-- What to do --
Check every line of the data below for the string "sketch", and copy the ones that hold it.

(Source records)
● ● ● ● ●
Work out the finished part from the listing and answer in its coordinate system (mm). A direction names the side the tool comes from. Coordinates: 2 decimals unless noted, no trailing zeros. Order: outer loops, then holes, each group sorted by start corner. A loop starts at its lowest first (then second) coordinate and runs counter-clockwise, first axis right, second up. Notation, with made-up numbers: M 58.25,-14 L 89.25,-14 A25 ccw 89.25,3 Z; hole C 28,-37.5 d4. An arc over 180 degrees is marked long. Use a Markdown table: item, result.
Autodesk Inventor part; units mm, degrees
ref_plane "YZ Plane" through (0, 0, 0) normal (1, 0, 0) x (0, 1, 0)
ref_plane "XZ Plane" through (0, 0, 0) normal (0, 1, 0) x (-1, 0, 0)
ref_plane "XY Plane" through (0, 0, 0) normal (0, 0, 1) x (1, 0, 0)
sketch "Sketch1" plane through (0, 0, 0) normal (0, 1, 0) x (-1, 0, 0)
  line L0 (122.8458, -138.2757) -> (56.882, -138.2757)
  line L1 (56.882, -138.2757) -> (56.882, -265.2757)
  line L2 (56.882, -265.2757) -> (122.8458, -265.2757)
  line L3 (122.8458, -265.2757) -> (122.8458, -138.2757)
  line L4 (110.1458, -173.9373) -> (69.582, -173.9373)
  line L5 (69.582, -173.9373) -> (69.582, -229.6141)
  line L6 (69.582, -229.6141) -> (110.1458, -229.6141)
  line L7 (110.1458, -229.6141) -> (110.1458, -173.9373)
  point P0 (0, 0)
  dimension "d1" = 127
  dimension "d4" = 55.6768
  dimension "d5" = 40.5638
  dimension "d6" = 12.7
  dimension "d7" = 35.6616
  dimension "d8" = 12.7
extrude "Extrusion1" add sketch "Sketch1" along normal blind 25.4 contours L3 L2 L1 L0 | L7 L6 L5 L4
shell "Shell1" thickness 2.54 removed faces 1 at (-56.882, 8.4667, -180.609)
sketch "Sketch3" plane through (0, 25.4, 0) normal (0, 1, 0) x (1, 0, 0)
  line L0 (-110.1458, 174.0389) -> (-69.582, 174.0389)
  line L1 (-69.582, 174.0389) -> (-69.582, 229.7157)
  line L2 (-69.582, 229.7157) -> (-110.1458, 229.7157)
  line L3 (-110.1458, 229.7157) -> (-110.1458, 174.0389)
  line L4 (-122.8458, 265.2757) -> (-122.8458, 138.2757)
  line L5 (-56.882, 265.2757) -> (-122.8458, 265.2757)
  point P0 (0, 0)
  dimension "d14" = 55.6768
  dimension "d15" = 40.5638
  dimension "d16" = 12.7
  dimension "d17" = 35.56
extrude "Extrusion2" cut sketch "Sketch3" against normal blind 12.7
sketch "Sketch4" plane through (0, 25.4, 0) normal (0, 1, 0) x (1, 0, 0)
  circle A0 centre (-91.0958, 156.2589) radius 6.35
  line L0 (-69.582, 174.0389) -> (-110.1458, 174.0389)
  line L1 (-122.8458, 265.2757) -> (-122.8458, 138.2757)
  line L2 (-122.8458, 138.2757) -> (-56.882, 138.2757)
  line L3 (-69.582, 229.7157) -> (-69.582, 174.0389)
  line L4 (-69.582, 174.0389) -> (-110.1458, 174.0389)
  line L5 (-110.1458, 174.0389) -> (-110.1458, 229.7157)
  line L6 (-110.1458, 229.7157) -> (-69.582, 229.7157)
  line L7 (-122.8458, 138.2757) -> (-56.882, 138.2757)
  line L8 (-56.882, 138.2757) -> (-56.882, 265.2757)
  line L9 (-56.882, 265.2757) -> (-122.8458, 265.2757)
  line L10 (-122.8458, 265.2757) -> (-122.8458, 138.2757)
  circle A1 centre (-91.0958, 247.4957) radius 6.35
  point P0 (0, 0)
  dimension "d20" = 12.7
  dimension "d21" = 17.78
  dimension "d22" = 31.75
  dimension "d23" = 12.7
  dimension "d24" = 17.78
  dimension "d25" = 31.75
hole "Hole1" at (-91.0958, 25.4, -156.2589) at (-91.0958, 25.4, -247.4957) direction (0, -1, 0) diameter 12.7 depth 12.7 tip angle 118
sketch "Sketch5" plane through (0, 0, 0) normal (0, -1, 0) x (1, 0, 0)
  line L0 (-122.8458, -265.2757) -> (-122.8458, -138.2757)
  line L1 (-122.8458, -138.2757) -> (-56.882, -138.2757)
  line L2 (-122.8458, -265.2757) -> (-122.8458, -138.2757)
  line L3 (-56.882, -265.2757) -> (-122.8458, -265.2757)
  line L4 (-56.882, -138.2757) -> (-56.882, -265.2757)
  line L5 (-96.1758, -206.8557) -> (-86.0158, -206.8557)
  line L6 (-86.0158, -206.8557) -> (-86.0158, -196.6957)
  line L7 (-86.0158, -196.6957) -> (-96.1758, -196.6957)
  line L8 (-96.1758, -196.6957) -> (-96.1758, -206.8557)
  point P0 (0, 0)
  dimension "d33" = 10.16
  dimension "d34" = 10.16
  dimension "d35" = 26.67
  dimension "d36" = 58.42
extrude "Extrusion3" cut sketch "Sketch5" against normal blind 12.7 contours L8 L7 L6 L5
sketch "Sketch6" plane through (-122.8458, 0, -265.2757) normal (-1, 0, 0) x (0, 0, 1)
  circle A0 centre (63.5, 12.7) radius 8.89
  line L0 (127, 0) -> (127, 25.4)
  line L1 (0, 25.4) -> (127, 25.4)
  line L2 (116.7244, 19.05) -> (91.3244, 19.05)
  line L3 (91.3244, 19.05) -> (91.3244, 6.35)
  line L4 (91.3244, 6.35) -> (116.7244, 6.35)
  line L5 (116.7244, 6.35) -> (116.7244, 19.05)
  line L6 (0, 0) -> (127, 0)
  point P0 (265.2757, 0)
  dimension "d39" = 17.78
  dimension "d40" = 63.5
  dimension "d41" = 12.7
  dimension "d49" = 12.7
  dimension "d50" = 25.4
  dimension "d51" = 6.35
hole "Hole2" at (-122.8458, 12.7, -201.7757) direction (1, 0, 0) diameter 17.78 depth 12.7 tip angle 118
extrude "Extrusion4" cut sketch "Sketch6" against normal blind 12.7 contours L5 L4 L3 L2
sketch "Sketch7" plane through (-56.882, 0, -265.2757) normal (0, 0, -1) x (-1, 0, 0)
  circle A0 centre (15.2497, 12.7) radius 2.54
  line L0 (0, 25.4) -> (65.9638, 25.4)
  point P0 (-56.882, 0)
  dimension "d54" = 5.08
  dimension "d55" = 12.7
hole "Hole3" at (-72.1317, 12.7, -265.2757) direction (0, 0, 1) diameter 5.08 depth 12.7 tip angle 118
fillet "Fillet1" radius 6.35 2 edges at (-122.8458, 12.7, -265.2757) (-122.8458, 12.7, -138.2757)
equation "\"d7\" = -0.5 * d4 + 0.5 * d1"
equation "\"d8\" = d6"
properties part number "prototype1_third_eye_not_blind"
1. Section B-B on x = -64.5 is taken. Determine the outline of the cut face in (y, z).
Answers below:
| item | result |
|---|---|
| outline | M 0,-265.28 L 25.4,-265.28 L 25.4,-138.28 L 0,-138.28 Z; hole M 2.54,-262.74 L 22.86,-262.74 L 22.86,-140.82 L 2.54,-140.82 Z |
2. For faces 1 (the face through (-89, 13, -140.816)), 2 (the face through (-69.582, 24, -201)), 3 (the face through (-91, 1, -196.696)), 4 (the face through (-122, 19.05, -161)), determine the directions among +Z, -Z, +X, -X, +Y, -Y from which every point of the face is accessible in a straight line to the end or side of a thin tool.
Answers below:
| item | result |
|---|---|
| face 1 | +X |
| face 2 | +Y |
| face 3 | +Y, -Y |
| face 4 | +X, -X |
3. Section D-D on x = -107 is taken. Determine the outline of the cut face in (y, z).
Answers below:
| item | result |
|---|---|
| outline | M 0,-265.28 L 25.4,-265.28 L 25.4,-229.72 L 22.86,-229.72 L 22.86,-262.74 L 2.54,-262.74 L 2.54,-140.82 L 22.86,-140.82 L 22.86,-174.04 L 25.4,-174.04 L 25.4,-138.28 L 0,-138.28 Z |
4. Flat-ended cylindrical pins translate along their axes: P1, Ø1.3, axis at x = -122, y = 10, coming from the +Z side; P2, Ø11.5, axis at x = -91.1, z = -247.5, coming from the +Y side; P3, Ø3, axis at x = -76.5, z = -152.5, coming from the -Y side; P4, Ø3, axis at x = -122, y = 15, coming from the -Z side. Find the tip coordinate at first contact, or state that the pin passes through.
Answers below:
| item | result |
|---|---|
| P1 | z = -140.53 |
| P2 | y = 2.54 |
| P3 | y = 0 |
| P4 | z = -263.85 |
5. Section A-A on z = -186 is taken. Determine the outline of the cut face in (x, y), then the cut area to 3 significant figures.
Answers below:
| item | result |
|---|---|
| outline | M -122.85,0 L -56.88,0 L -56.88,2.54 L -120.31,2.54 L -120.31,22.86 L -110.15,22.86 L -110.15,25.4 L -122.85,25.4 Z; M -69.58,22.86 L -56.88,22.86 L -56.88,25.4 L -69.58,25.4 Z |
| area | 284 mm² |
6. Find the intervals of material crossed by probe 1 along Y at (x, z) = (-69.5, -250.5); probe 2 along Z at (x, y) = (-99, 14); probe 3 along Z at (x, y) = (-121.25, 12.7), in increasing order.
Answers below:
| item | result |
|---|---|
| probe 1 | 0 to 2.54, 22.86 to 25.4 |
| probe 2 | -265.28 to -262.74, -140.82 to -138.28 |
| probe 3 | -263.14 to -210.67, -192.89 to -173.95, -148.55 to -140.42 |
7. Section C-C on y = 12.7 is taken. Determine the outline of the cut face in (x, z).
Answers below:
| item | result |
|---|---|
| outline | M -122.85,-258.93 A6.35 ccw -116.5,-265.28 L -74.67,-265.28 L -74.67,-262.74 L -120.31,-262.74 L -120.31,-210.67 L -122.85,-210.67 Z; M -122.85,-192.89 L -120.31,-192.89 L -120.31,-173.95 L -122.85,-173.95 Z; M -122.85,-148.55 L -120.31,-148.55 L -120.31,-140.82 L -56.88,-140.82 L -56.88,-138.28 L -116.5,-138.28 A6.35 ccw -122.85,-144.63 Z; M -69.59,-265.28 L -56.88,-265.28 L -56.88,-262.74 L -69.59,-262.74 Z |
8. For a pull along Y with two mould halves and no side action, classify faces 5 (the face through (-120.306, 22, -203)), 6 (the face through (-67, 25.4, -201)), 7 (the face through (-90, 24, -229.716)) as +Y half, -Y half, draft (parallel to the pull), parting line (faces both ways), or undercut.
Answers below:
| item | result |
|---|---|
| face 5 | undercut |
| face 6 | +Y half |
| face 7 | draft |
● ● ● ● ●
-- Answer for this exercise --
sketch "Sketch1" plane through (0, 0, 0) normal (0, 1, 0) x (-1, 0, 0)
extrude "Extrusion1" add sketch "Sketch1" along normal blind 25.4 contours L3 L2 L1 L0 | L7 L6 L5 L4
sketch "Sketch3" plane through (0, 25.4, 0) normal (0, 1, 0) x (1, 0, 0)
extrude "Extrusion2" cut sketch "Sketch3" against normal blind 12.7
sketch "Sketch4" plane through (0, 25.4, 0) normal (0, 1, 0) x (1, 0, 0)
sketch "Sketch5" plane through (0, 0, 0) normal (0, -1, 0) x (1, 0, 0)
extrude "Extrusion3" cut sketch "Sketch5" against normal blind 12.7 contours L8 L7 L6 L5
sketch "Sketch6" plane through (-122.8458, 0, -265.2757) normal (-1, 0, 0) x (0, 0, 1)
extrude "Extrusion4" cut sketch "Sketch6" against normal blind 12.7 contours L5 L4 L3 L2
sketch "Sketch7" plane through (-56.882, 0, -265.2757) normal (0, 0, -1) x (-1, 0, 0)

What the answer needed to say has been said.